Ist Ihr Badezimmer renovierungsbedürftig? Oder gehen Ihnen einige „Macken“ so auf die Nerven, dass sie endlich ausgebessert werden sollen? Vielleicht ist Ihr Badezimmer aber auch so in die Jahre gekommen, dass Sie endlich eine Modernisierung in Angriff nehmen. Welchen Grund Sie auch immer haben, Sie werden sich schlau gemacht haben über die zahlreichen Möglichkeiten, Ihrem Badezimmer neuen Charme zu verleihen. Und dann werden die Kosten mit dem eigenen Kontostand verglichen. Genau an dieser Stelle hat der Gesetzgeber eine freudige Nachricht für Sie! Handwerkerkosten können steuerlich geltend gemacht werden. Bis zu 20 Prozent der Handwerkerleistung oder maximal EURO 1.200,00 im Jahr sorgen für eine entsprechende Minderung Ihrer Einkommensteuer.

Allerdings sind dabei bestimmte Voraussetzungen zu beachten. Zuallererst gilt, dass die steuerliche Geltendmachung nur dann wirksam ist, wenn die Arbeiten im Privathaushalt stattgefunden haben. Das bedeutet u. a., dass die Kosten nicht bereits unter den Rubriken Betriebsausgaben, Werbungskosten, Sonderausgaben oder außergewöhnliche Belastungen in der Steuererklärung aufgetaucht sind.

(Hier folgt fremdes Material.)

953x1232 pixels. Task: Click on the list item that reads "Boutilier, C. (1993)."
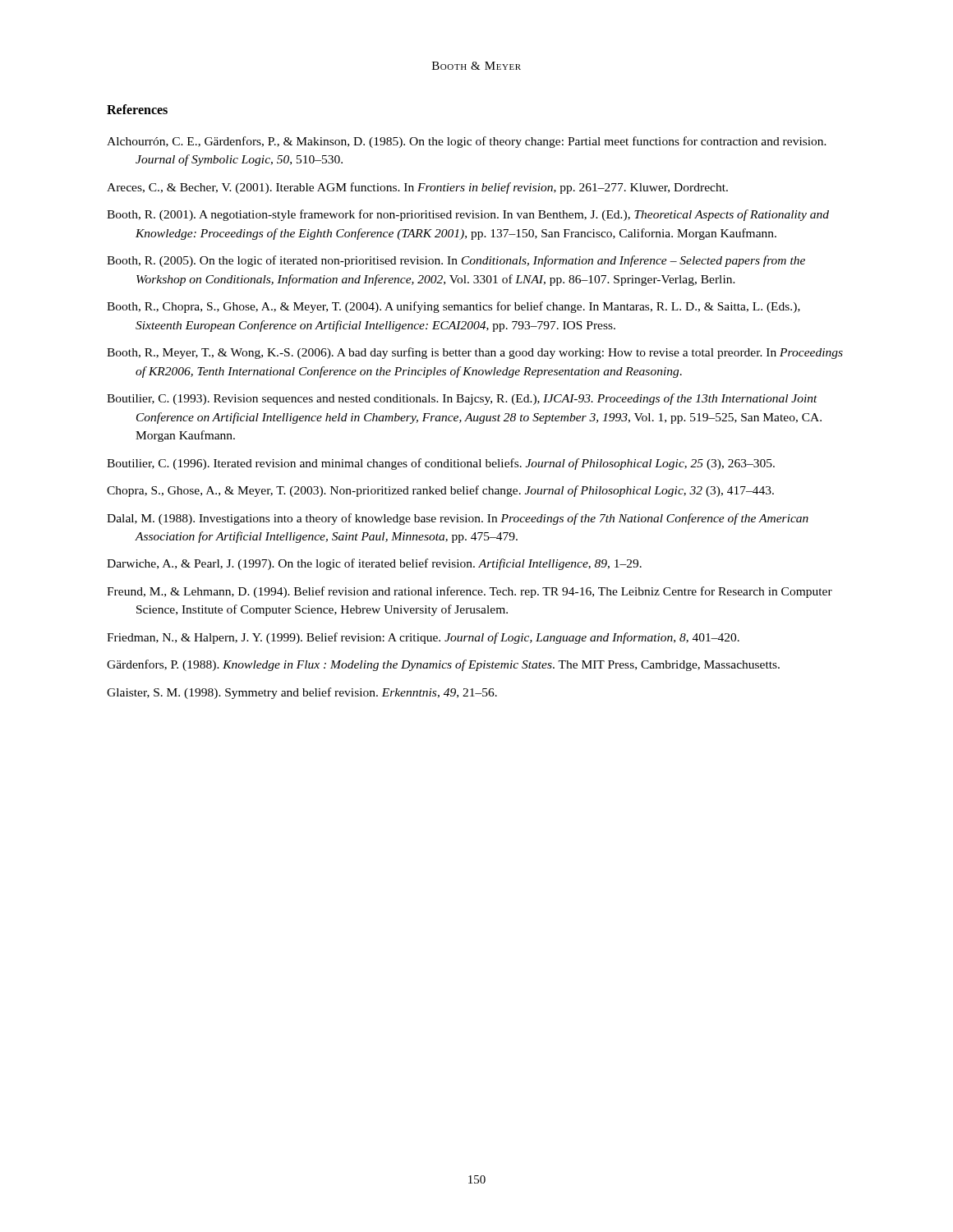tap(476, 417)
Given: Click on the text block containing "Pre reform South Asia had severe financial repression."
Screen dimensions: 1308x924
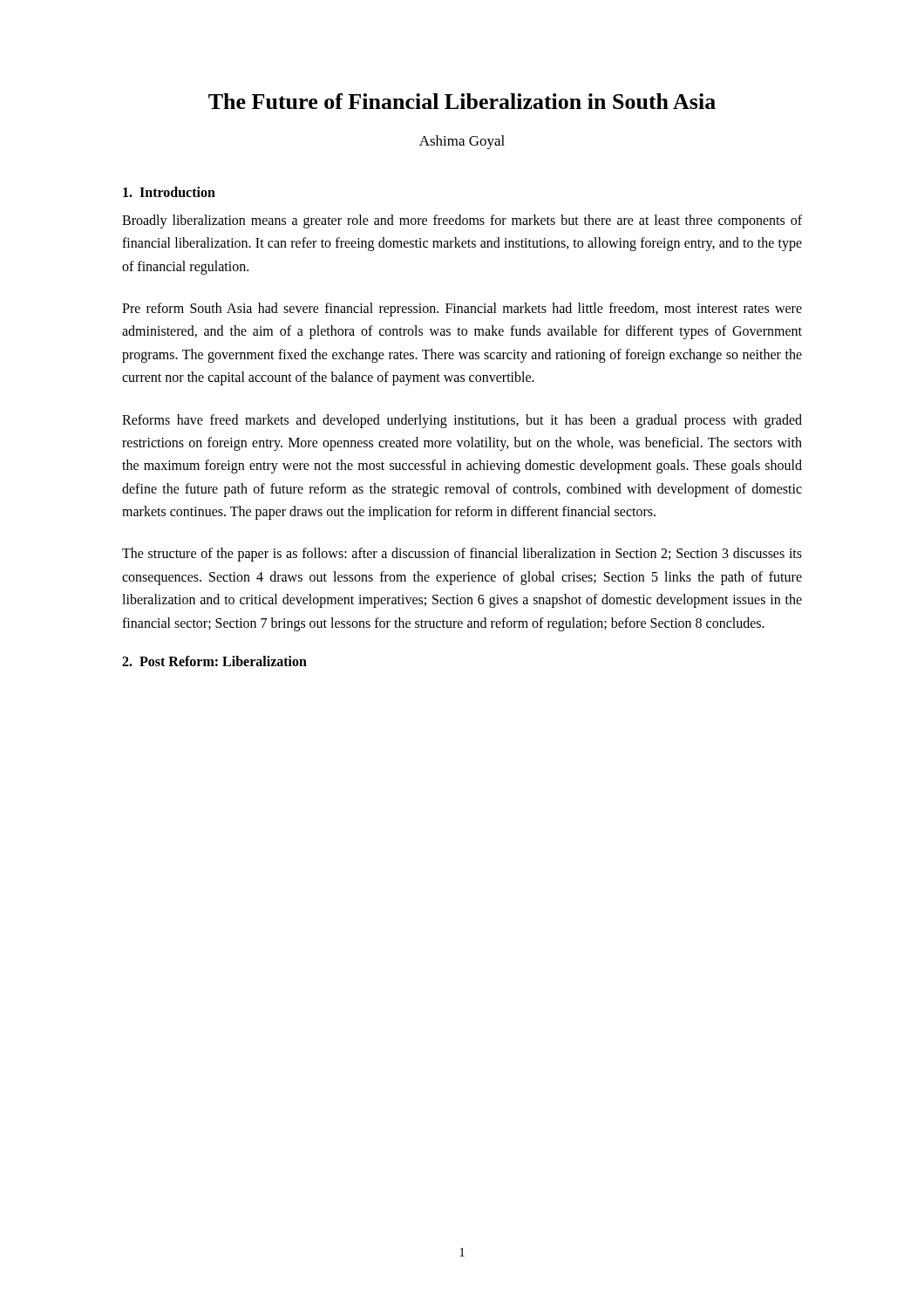Looking at the screenshot, I should (x=462, y=343).

Renovierungskosten absetzen – Rechnungsstellung ist das A und O

Renovierungskosten-absetzen
Renovierungskosten lassen sich einfach absetzen, wenn man weiß wie!

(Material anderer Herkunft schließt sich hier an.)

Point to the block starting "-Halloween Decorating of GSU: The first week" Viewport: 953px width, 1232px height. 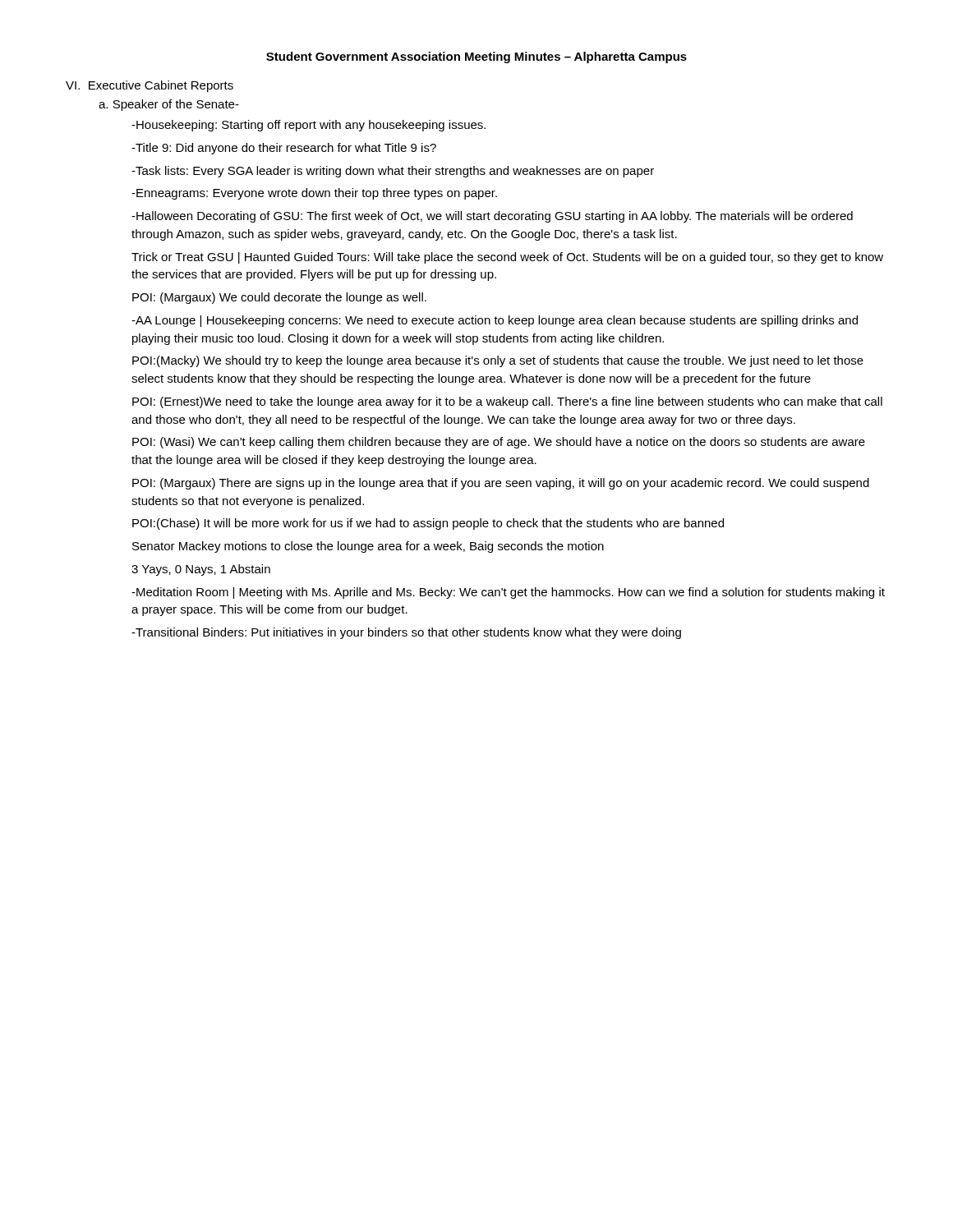(492, 225)

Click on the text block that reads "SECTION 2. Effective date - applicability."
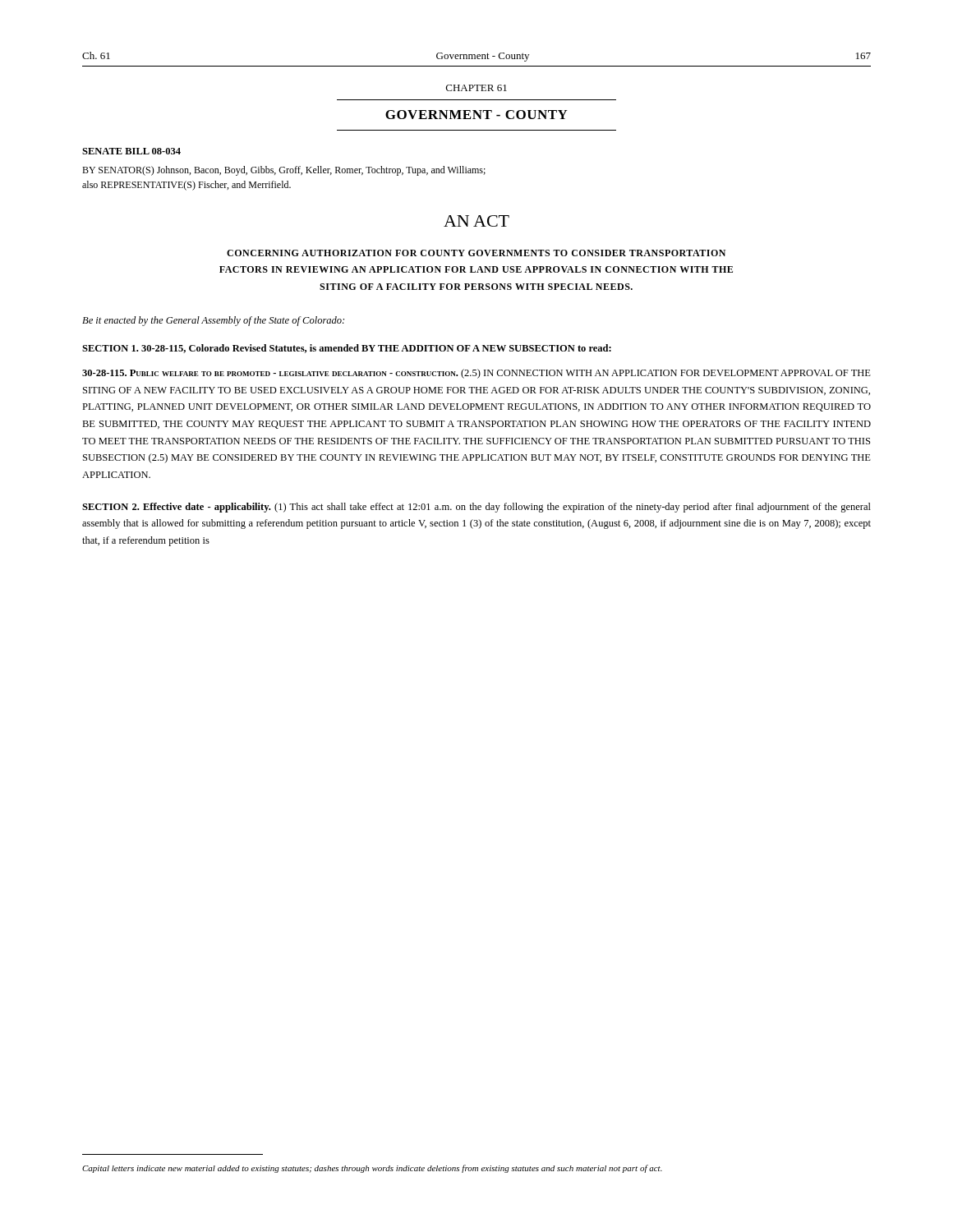(476, 523)

Wichtig ist auch, dass das Finanzamt nur die Arbeitskosten anerkennt. Ihre Ausgaben für das Material können Sie nicht absetzen. Das heißt: In der Rechnung muss erkennbar sein, wie hoch die Arbeitskosten sind und wie hoch die Kosten für die Materialien. Das kann auf zwei Arten ausgewiesen werden. Entweder führt der Handwerker die Kosten getrennt voneinander auf, was die eindeutige, und damit sichere Variante darstellt.

Dabei muss auch die Mehrwertsteuer auf der Rechnung erscheinen. Oder er weist die Arbeitskosten als Prozentsatz von der Gesamtrechnung aus. Dann ist das getrennte Aufführen der Mehrwertsteuer nicht notwendig. Festpreisvereinbarungen auf einer Rechnung erkennt das Finanzamt nicht an.

Um Schwarzarbeit zu verhindern, darf der Rechnungsbetrag nicht bar bezahlt werden, sondern muss auf das Konto des Handwerkerbetriebs überwiesen werden. Das ist deshalb auch wichtig, weil das Finanzamt neben der Rechnung auch den entsprechenden Kontoauszug verlangen kann. Bei hohen Rechnungen raten Steuerberater dazu, den Kontoauszug der Steuererklärung gleich mit beizulegen. Sollten Sie den Kontoauszug nicht mit einreichen, bewahren Sie die Belege auf. Denn das Finanzamt kann die Vorlage auch zu einem späteren Zeitpunkt einfordern.